Towards the simplification of the system, ReporTree can provide a short nomenclature code for each sample representing a combination of its clustering at different hierarchical levels, following the rationale behind “SNP address” and INNUENDO nomenclature systems [9, 14]. For example, if “150,30,7” thresholds are indicated, a combining code of cluster names at these levels will be generated by the same order: C3-C2-C1. In ReporTree, these levels are not predefined by default but instead must be indicated by the user, making it suitable for application to multiple pathogens and easily adaptable to the dataset diversity. ReporTree also opens the possibility to add an extra layer of information to this code with the inclusion of information of a given metadata variable (e.g., C3-C2-C1-CountryA, if country is added to the code).

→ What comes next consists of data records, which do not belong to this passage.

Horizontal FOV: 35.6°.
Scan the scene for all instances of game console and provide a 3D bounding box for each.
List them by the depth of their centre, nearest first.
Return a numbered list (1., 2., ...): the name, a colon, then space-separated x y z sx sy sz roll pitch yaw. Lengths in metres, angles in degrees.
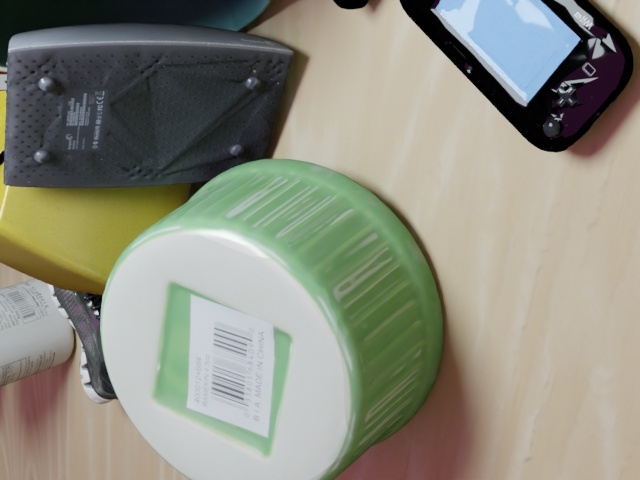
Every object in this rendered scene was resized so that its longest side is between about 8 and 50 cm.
1. game console: 0.101 -0.231 0.767 0.361 0.044 0.213 50 135 19

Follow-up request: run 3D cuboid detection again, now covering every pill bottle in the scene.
1. pill bottle: -0.468 0.143 1.361 0.131 0.229 0.131 19 117 41

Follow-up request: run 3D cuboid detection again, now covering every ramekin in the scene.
1. ramekin: -0.054 0.088 0.913 0.303 0.148 0.303 10 113 26

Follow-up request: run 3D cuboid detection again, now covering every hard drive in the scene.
1. hard drive: -0.165 -0.127 0.932 0.172 0.255 0.054 109 148 -42

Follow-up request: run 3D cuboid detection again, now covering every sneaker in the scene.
1. sneaker: -0.273 0.100 1.261 0.106 0.078 0.234 -2 107 44

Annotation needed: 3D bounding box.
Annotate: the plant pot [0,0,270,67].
1. plant pot: -0.207 -0.310 0.889 0.293 0.293 0.235 -17 82 48

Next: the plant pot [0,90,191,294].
1. plant pot: -0.279 -0.061 1.062 0.212 0.187 0.212 4 79 46

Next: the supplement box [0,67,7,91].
1. supplement box: -0.446 -0.142 1.256 0.191 0.194 0.129 -36 78 47

The final step of ReporTree is the generation of summary reports with the metadata_report.py script (also available in standalone mode). Following the user’s specifications, this script can perform cluster characterization according to any relevant epidemiological indicator present in the metadata (e.g., source, vaccination status, antibiotic resistance phenotype). Similar summary reports can be generated to assess the distribution of any (and as many) user-specified variables of interest (e.g., ST distribution by year). When the time variable “date” is provided in the metadata, ReporTree automatically infers other time units (ISO week and ISO year) and metrics (e.g., cluster timespan) relevant for surveillance purposes. Moreover, ReporTree can provide count/relative frequency reports for any grouping variable, such as the relative frequency of the different (sub-)lineages/clusters circulating in the country over time. Noteworthy, ReporTree allows requesting specific reports for sample(s) of interest, as well as the application of filters in the metadata table to select subsets of samples that will be included in the analysis/report (without the need of generating a new subset metadata table). Moreover, when the “nomenclature code” was requested, summary reports of this variable are automatically provided, facilitating cluster tracking and characterization.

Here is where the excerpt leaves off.